Uma história sobre como o esporte ensina meninas a serem corajosas

Julia Vergueiro
Júlia Vergueiro

Copa Nescau 2018
Copa Nescau 2018 Pelado Real/Grazielle Franco

“Que oportunidade incrível para ela quebrar esse medo de fracassar. Obrigada!”

Essa foi a frase que a mãe de uma das minhas melhores atletas sub-12 me disse, sorrindo, momentos após vencermos a semifinal da Copa Nescau há cerca de duas semanas. A disputa foi para os pênaltis e a filha dela foi escolhida pra ser a terceira a cobrar. Se ela fizesse, nós estaríamos na final. E ela fez.

No tempo regular, essa mesma atleta havia tido um momento de muito medo. Nós saímos atrás no placar e o jogo estava difícil. Pra piorar, esse era o mesmo campeonato do qual havíamos sido eliminadas ano passado, e ela, sempre muito competitiva, certamente não queria perder de novo. Quando finalmente empatamos, ela começou a se sentir mal. Enquanto comemorávamos o nosso gol, ela chorava e dizia que o estômago estava queimando, e então a levei até a enfermeira enquanto o jogo seguia. Pra conseguir acalmá-la, saímos do ginásio, que naquele momento estava absurdamente barulhento refletindo a emoção da torcida e dos times que lutavam pela vaga na grande final.

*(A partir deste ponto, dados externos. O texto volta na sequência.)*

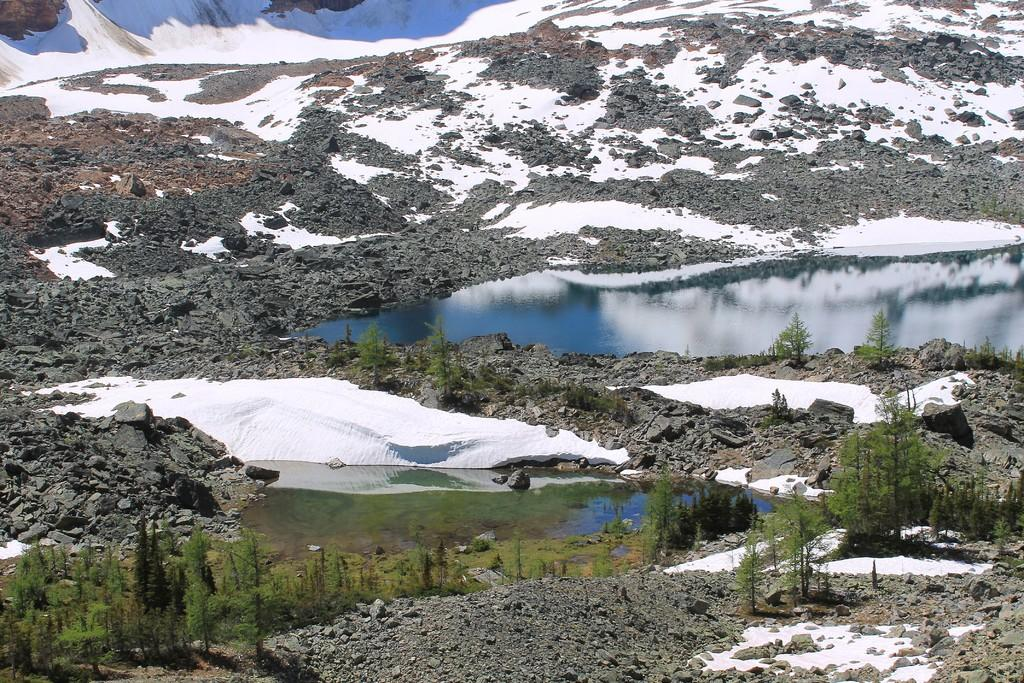What type of vegetation can be seen in the image? There are trees in the image. What other objects or features can be seen in the image? There are stones and water visible in the image. What is located at the top of the image? There are hills at the top of the image. What type of plant is growing next to the cactus in the image? There is no cactus present in the image, so it is not possible to answer that question.

Do lado de fora, essa mesma mãe veio nos encontrar e perguntou o que houve. Ela tinha nos visto saindo da quadra e veio correndo da arquibancada ao nosso encontro. Bastou alguns segundos de conversa e ela logo captou o que estava ocorrendo, e não teve dúvidas em dizer: “filha, isso que você está sentindo é vontade de ganhar. Agora volta lá e enfrenta isso porque o time precisa de você”. Nossa pequena craque engoliu o choro e, sem contestar, seguiu direto de volta pro jogo. Minutos depois ela estaria cobrando o pênalti decisivo, com uma convicção única, e correndo pro abraço das colegas pra comemorar a classificação. Adeus, medo. Hoje, eu te venci.

Mesmo depois de vencermos a final e levarmos o título histórico pra casa, em uma partida que mereceria um texto à parte, esse foi o momento que mais me marcou. Essa mãe soube mostrar à sua filha que a gente nunca vai saber o tamanho do nosso medo até enfrenta-lo, e que ter a coragem de fazê-lo é o que mais importa.

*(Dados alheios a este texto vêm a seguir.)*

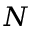Convert formula to latex. <formula><loc_0><loc_0><loc_500><loc_500>N</formula> 
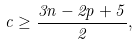Convert formula to latex. <formula><loc_0><loc_0><loc_500><loc_500>c \geq \frac { 3 n - 2 p + 5 } { 2 } ,</formula>

Essa história não é sobre o sabor da vitória, é sobre o processo de encarar um desafio de frente. É sobre não desistir quando achamos que iremos fracassar.

(Os pênaltis da semifinal da Copa Nescau 2018) 

Quantas vezes na vida nós, mulheres, tomamos uma atitude verdadeiramente corajosa? Quantas vezes fazemos uma escolha sem nos preocupar em sermos perfeitas naquilo? Meninas não são ensinadas a arriscar, e assim nos tornamos mulheres habituadas a buscar apenas os caminhos em que já sabemos que somos boas.

E não é que não sejamos boas para as outras opções, mas não estamos acostumadas a enfrentar desafios. Estamos acostumadas a sermos ótimas, excelentes, e por isso desistimos mais rápido quando lidamos com uma situação na qual achamos que não vamos atingir esse nível de perfeição.

“Um relatório da HP descobriu que homens candidatam-se a um emprego se atenderem apenas 60% dos pré-requisitos. Mas as mulheres? As mulheres se candidatam apenas se tiverem 100% dos pré-requisitos”. Escutei esse dado em um TED intitulado “Ensine coragem às meninas, não perfeição”, apresentado pela empreendedora Reshma Saujani, fundadora do “Girls Who Code”, um projeto que educa meninas a aprenderem a programar, uma função de pura tentativa e erro.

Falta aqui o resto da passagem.